0

New Gov’t debt security targets $200m ‘finish line’

By NEIL HARTNELL

Tribune Business Editor

nhartnell@tribunemedia.net

The Government’s new debt security will attempt to cross the $200 million “finish line” next week when the final $55 million tranche comes to market, its placement agent yesterday expressing optimism that it will be “well received”.

Michael Anderson, RoyalFidelity Merchant Bank & Trust’s president, told Tribune Business that the $55 million represented the ‘final piece’ of the $200 million that the Government wants to raise from its Bahamas Government Stock (BGS) security during the 2014-2015 fiscal year.

Term sheets for the 48-hour offering, which will take place on June 17-18, have just been issued to institutional investors and their financial advisors, and Mr Anderson said he anticipated another strong response similar to the two earlier BGS issues.

“Like the other ones, we expect it to be well-received, and believe there is sufficient liquidity in the market to take up the offering,” Mr Anderson told Tribune Business.

“I’m hopeful we’ll reach the finish line with it, and start the new [fiscal] year with a new offering.”

Mr Anderson said the upcoming $55 million tranche would be split into the same three pieces, each with the same maturities and interest coupons, as the previous BGS offerings.

The first piece carries a 4 per cent interest rate and three-year principal maturity; the second a 4.25 per cent interest coupon and five-year principal maturity; and the final one is priced at 4.5 per cent interest and a seven-year principal maturity timeframe.

But, with Cable Bahamas having raised almost $75 million earlier this year via its two preference share classes, and Fidelity Bank (Bahamas) taking a further $23.5 million out of the capital markets within the past six weeks, Mr Anderson conceded that it was “difficult to know how deep the market is”.

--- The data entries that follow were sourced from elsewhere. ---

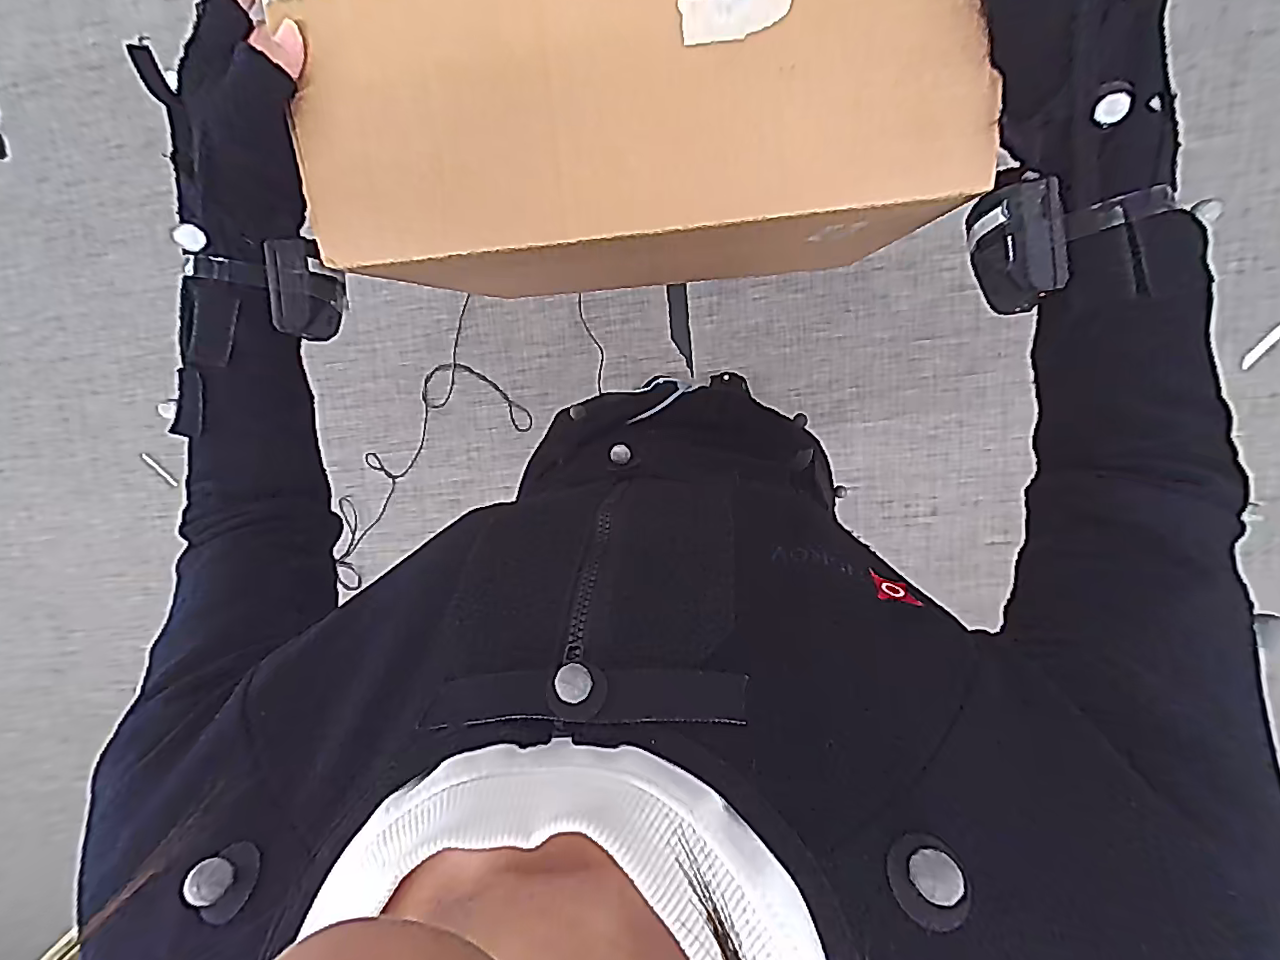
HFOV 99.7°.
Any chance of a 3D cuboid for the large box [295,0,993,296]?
[{"bbox_3d":[0.003,-0.344,0.442,0.408,0.320,0.320,-3,105,8],"label":"large box"}]
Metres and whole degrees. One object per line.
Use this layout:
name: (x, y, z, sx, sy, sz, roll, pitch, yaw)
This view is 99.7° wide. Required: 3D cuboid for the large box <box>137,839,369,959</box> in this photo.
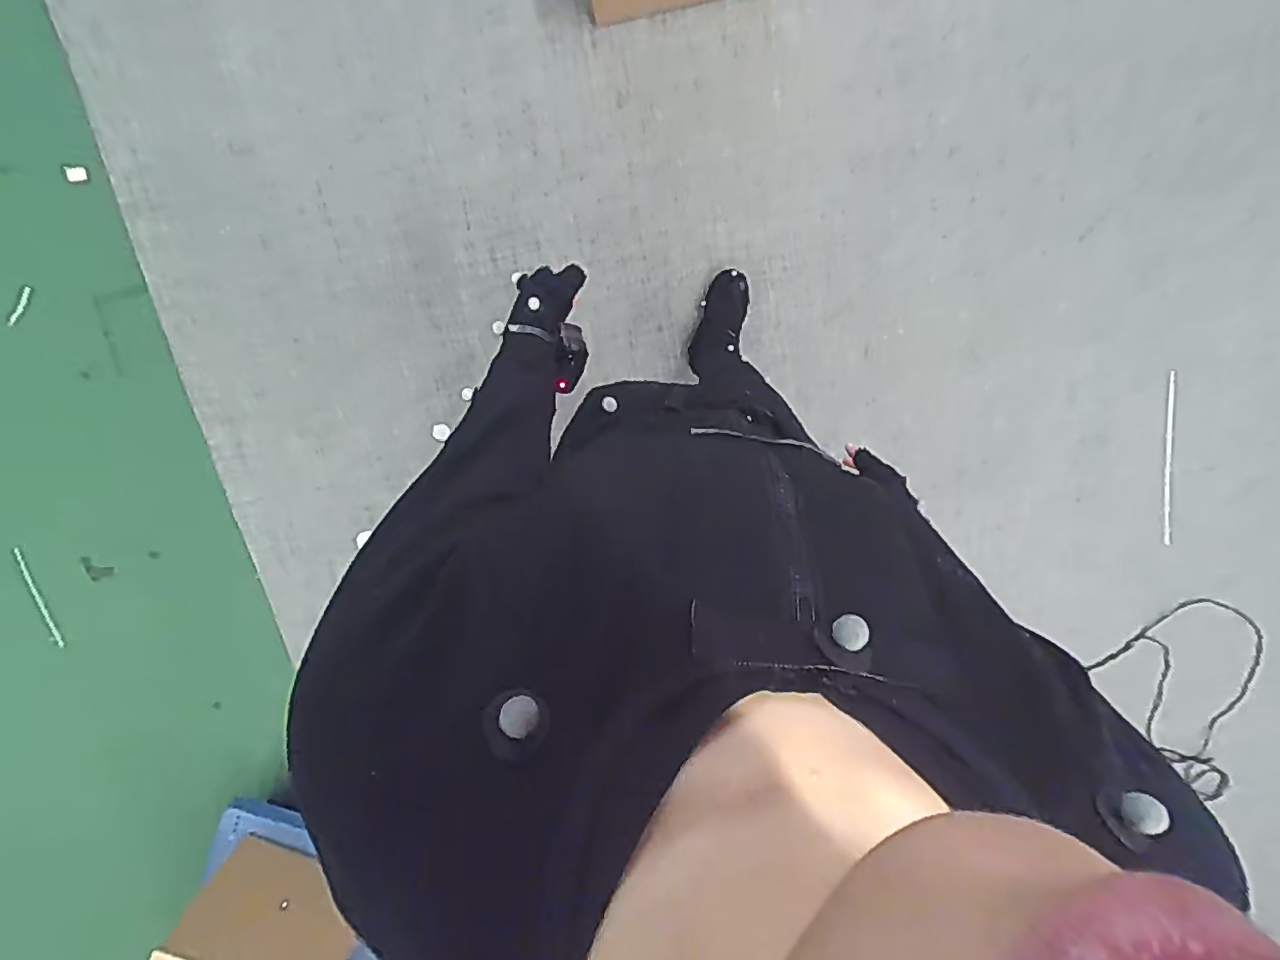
large box: (-1.013, 1.239, 1.413, 0.408, 0.320, 0.320, 25, 103, -6)

The two BISX-listed companies have raised a collective $89 million between them, and the RoyalFidelity chief added: “There’s already a lot of money that’s come to the market in that period of time.

“It depends on the appetite of investors and their willingness. There’s always a certain amount of money available. It’ll be interesting to see what’s available at this stage.”

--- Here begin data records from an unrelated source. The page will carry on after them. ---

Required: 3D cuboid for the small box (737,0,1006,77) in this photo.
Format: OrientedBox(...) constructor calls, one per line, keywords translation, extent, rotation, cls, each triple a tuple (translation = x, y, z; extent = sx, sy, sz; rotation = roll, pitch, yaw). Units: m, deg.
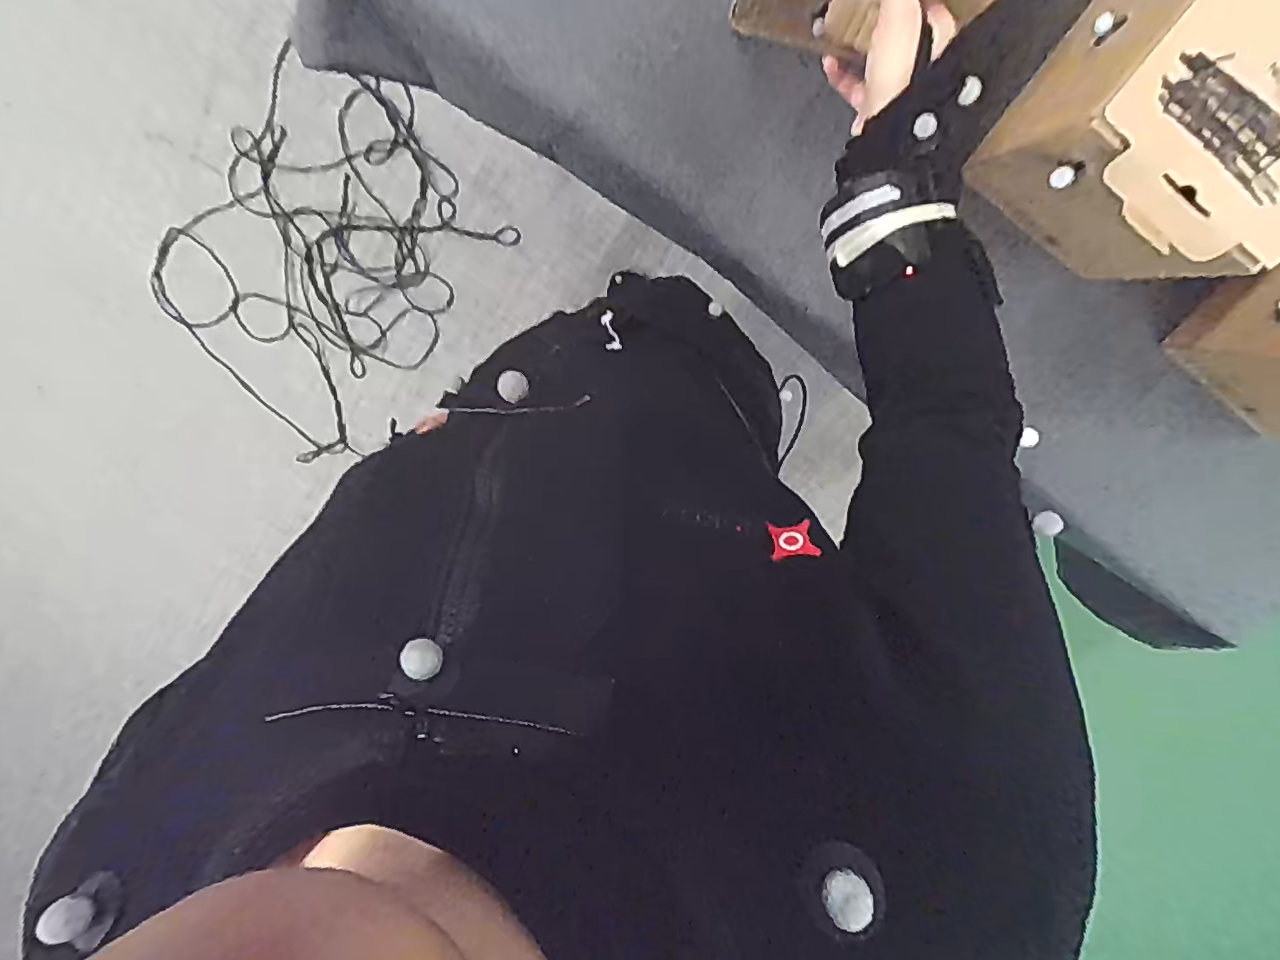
OrientedBox(translation=(0.172, -0.419, 0.367), extent=(0.168, 0.176, 0.179), rotation=(12, 111, -2), cls="small box")
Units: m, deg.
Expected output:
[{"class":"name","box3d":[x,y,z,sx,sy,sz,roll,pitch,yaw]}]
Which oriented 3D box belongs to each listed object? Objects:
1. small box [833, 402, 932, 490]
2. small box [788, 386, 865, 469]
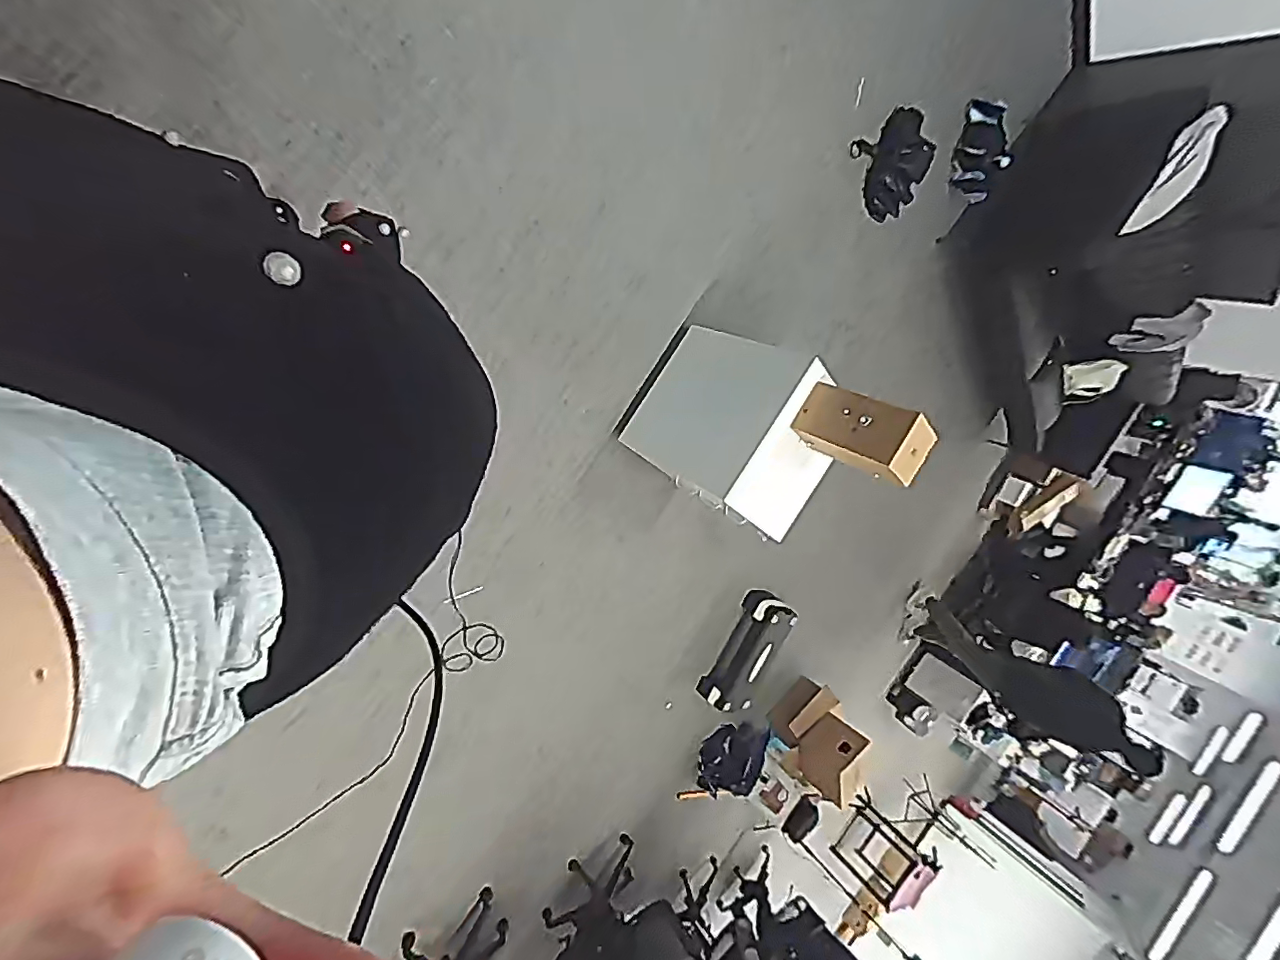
[{"class":"small box","box3d":[0.676,-0.098,1.513,0.179,0.176,0.168,27,94,-44]},{"class":"small box","box3d":[0.581,-0.162,1.629,0.179,0.176,0.168,30,93,-46]}]

Mr Anderson said the Government’s increasing use of the Bahamian capital markets and their participants as part of its financing operations bodes well for further activity in 2015.

“We’ve not seen things as busy as they are for a long time, if ever,” he told Tribune Business of Bahamian capital markets activity.

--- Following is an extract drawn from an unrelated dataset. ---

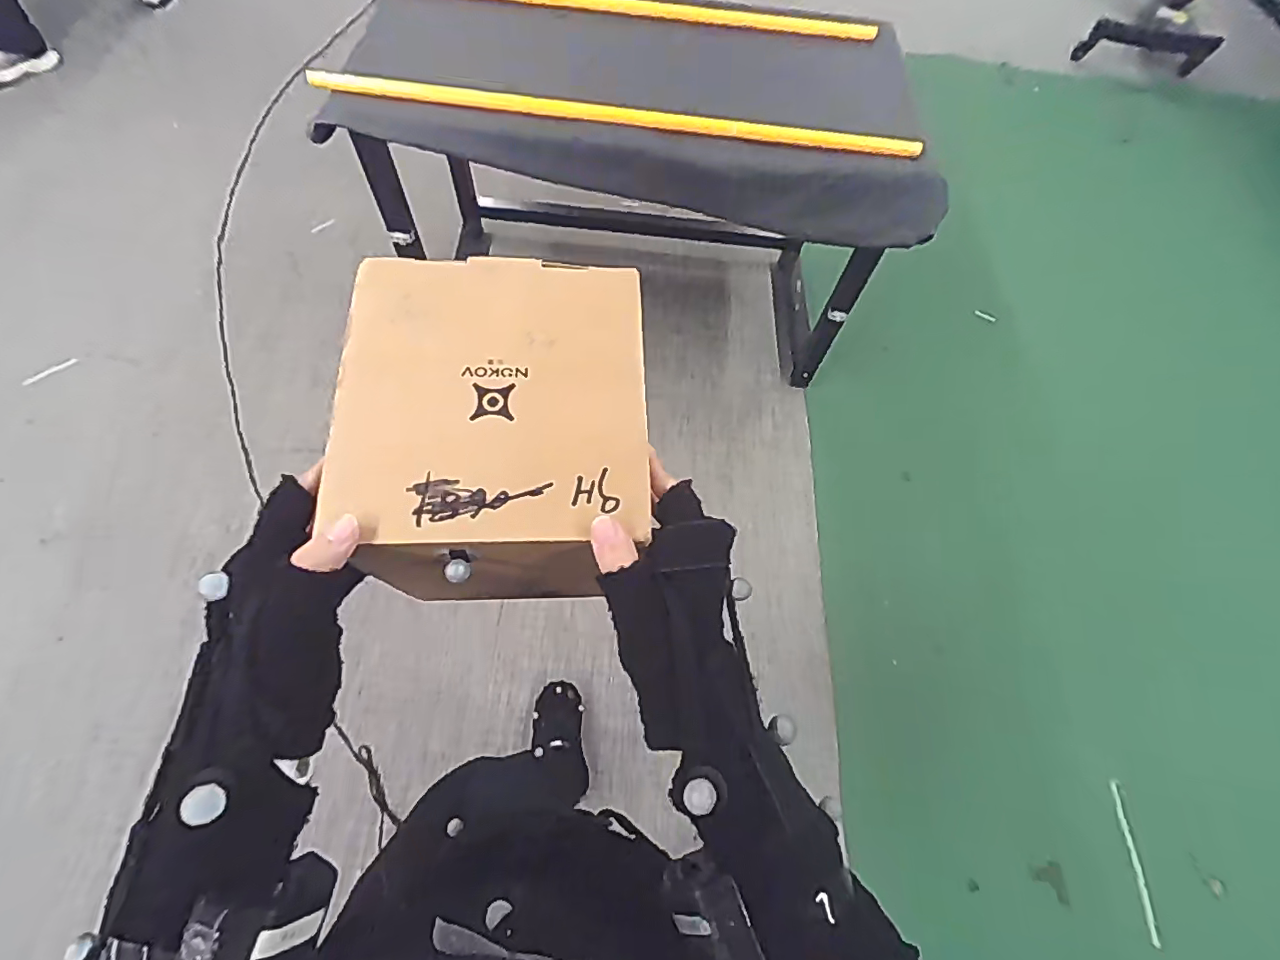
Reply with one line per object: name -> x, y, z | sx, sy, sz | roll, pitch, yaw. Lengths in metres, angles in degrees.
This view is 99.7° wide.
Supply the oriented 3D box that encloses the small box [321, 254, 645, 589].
small box -> -0.088, -0.028, 0.380 | 0.168, 0.176, 0.179 | -1, 68, -5

The BGS debt is effectively a replacement for the Bahamas Government Registered Stock (BGRS) bonds that were previously issued to investors as part of the Government’s capital raising efforts.

The BGS notes are being placed through Bahamian broker/dealers rather than the Central Bank of the Bahamas. The Bahamas Central Securities Depository (BCSD) has also replaced the Central Bank as the custodian who holds the debt.

The BGS debt is thus effectively “decertified”. They are not BGRS, as investors will no longer need certificates of registration to prove their ownership. This function will now be performed electronically by BISX and the Securities Depository.

And, when it comes to the BGS securities, owners will no longer have to go through the Central Bank, which has to verify certificates of registration, to sell them. This function will be performed by broker/dealers and BISX.

Mr Anderson yesterday said he anticipated that several BGRS issues would mature during the 2015-2016 fiscal year, with the Government requiring BGS issues to refinance them.

And besides that, the Government is seeking to raise a further $250 million in the 2015-2016 fiscal year via the issuance of short-term securities that will be known as Treasury notes.

Mr Anderson explained that these were different from the BGS security, and would likely Treasury Bills as the Government’s preferred short-term financing mechanism moving forward.

Apart from 30-day paper, the $250 million worth of Treasury notes will also include debt with three and six-month maturities.

Comments

Economist 8 years, 10 months ago

Look at the interest rate on these things will you. That's high for a sovereign debt. But I guess if you are only two ticks from junk bond status that is all we can expect.

By the way better hope Moody's, Fitch or Standard and Poors don't down grade us or the interest rate will bankrupt the country that just keeps borrowing like there is no tomorrow.

Tomorrow is just 2 yeas away, may be sooner....look at what Greece has had to do.

0

asiseeit 8 years, 10 months ago

4%-4.5%, and you are stuck. Not a wise investment. I refuse to enable the government of The Bahamas.